(Records)

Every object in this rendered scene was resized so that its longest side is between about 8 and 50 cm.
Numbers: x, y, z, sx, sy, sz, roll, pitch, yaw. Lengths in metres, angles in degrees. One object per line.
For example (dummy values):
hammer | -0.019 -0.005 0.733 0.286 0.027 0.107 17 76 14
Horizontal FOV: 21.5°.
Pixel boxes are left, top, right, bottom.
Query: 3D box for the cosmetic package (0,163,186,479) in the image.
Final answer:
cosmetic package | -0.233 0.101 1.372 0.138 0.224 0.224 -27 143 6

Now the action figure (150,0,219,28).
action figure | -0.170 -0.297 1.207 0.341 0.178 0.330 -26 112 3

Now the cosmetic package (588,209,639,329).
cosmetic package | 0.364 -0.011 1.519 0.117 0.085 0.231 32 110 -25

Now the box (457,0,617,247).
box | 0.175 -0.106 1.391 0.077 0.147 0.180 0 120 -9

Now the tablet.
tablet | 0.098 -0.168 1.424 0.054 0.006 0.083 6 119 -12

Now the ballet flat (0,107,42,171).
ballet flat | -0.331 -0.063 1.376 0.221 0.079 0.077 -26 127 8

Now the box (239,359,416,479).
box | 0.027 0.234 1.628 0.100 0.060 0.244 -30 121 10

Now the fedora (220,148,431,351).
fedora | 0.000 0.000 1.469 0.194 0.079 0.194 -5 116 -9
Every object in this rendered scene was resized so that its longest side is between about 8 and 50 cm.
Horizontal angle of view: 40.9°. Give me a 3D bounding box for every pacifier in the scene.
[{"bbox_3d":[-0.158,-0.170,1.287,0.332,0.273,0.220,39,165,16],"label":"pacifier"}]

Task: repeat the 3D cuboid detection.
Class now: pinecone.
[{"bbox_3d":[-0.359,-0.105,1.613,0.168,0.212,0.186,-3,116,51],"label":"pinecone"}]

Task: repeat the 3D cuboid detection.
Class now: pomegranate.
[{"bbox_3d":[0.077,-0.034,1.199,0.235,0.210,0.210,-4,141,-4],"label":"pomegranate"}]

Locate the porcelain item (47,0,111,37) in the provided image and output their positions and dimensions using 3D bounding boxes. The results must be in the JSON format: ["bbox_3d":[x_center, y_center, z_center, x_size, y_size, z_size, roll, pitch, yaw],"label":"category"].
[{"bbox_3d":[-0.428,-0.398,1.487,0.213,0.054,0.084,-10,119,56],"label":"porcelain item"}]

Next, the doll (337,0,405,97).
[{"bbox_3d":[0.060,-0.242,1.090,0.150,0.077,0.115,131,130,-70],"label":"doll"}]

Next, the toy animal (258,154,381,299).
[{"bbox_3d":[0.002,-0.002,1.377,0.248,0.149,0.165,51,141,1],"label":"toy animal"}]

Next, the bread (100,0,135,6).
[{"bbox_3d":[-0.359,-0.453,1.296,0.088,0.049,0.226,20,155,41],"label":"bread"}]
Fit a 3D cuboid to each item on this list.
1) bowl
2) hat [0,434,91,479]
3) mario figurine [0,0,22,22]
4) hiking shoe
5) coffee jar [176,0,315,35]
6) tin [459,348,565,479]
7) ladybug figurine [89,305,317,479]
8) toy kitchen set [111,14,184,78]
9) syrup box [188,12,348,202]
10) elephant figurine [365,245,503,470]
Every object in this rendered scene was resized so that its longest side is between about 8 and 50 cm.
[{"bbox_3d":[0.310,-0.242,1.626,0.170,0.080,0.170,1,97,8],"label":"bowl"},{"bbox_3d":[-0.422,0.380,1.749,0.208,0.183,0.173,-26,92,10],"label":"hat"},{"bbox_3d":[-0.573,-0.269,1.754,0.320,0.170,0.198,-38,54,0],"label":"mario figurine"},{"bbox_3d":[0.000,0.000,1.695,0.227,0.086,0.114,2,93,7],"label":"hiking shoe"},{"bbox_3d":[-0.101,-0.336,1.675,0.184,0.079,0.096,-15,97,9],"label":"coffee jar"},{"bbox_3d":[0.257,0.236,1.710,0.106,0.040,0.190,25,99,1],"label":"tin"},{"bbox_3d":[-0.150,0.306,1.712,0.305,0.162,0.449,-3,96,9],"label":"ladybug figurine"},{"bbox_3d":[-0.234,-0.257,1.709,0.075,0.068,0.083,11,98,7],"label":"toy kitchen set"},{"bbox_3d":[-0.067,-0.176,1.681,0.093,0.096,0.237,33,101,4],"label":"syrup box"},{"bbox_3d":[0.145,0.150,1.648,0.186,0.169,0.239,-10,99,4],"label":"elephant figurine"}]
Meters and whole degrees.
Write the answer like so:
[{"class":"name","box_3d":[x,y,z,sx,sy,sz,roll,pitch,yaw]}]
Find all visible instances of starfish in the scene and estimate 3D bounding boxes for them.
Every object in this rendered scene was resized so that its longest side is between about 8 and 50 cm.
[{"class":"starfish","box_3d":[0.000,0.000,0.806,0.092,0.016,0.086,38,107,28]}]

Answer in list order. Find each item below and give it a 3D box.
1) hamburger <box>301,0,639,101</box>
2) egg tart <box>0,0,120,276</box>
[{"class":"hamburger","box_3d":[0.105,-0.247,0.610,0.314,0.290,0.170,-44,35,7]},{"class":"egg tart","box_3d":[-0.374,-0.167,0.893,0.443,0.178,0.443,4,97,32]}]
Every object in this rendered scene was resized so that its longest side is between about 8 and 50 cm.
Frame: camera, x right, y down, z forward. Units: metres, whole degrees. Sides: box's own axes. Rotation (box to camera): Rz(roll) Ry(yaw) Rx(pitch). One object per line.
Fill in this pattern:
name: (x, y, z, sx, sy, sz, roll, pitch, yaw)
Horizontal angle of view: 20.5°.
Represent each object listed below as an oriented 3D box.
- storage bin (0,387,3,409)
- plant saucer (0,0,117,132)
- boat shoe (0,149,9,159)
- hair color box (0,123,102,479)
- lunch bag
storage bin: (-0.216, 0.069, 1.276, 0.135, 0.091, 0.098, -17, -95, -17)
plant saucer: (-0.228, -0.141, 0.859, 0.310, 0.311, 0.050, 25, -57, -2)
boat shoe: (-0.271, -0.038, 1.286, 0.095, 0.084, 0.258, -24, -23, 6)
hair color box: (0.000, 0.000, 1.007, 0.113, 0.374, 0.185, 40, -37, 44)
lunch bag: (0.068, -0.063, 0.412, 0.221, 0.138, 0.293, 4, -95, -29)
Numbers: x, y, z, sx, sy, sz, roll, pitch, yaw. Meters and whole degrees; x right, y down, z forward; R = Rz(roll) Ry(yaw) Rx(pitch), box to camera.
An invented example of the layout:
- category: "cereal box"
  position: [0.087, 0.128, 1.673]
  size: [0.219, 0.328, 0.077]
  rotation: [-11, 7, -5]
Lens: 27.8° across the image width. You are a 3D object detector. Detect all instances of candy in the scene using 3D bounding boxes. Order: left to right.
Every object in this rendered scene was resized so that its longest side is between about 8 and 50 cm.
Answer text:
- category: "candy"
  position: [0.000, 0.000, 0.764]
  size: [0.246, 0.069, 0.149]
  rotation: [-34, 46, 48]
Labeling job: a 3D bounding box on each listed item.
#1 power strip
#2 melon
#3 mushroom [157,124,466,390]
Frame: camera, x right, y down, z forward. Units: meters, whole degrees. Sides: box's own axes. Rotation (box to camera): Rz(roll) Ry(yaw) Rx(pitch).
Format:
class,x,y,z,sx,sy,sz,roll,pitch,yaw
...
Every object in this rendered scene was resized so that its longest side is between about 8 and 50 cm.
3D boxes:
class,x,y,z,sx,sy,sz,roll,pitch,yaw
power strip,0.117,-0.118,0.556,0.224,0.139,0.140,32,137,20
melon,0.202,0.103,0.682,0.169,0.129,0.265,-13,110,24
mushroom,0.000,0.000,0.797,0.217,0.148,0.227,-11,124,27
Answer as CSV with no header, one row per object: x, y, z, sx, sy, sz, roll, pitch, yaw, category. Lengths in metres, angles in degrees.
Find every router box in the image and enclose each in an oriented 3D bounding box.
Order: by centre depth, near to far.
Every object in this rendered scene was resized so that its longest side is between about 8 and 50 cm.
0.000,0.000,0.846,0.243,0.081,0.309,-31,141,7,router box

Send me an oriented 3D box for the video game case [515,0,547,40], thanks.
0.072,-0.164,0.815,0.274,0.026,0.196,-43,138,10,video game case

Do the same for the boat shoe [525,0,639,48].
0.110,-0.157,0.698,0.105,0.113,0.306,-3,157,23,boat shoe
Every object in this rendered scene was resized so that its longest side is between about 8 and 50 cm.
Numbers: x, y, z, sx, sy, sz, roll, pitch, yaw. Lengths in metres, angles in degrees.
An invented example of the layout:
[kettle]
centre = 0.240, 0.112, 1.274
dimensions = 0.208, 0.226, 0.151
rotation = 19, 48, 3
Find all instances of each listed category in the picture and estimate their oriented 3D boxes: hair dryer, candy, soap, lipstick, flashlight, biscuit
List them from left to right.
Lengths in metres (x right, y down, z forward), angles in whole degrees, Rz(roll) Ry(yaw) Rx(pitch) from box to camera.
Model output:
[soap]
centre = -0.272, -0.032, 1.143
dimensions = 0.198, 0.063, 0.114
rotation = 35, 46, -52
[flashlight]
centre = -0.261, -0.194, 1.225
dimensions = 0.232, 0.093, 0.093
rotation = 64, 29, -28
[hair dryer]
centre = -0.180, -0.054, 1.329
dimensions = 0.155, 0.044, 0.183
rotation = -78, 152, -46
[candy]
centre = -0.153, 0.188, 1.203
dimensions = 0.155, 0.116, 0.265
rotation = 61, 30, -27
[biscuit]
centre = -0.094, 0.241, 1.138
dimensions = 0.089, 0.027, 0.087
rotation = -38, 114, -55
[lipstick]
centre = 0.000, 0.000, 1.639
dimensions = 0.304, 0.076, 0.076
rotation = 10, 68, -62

(End Records)

**Aim of the exercise:** Scan the material above for the string "Numbers" and report each line where you find it.

**Answer to the problem:**
Numbers: x, y, z, sx, sy, sz, roll, pitch, yaw. Lengths in metres, angles in degrees. One object per line.
Numbers: x, y, z, sx, sy, sz, roll, pitch, yaw. Meters and whole degrees; x right, y down, z forward; R = Rz(roll) Ry(yaw) Rx(pitch), box to camera.
Numbers: x, y, z, sx, sy, sz, roll, pitch, yaw. Lengths in metres, angles in degrees.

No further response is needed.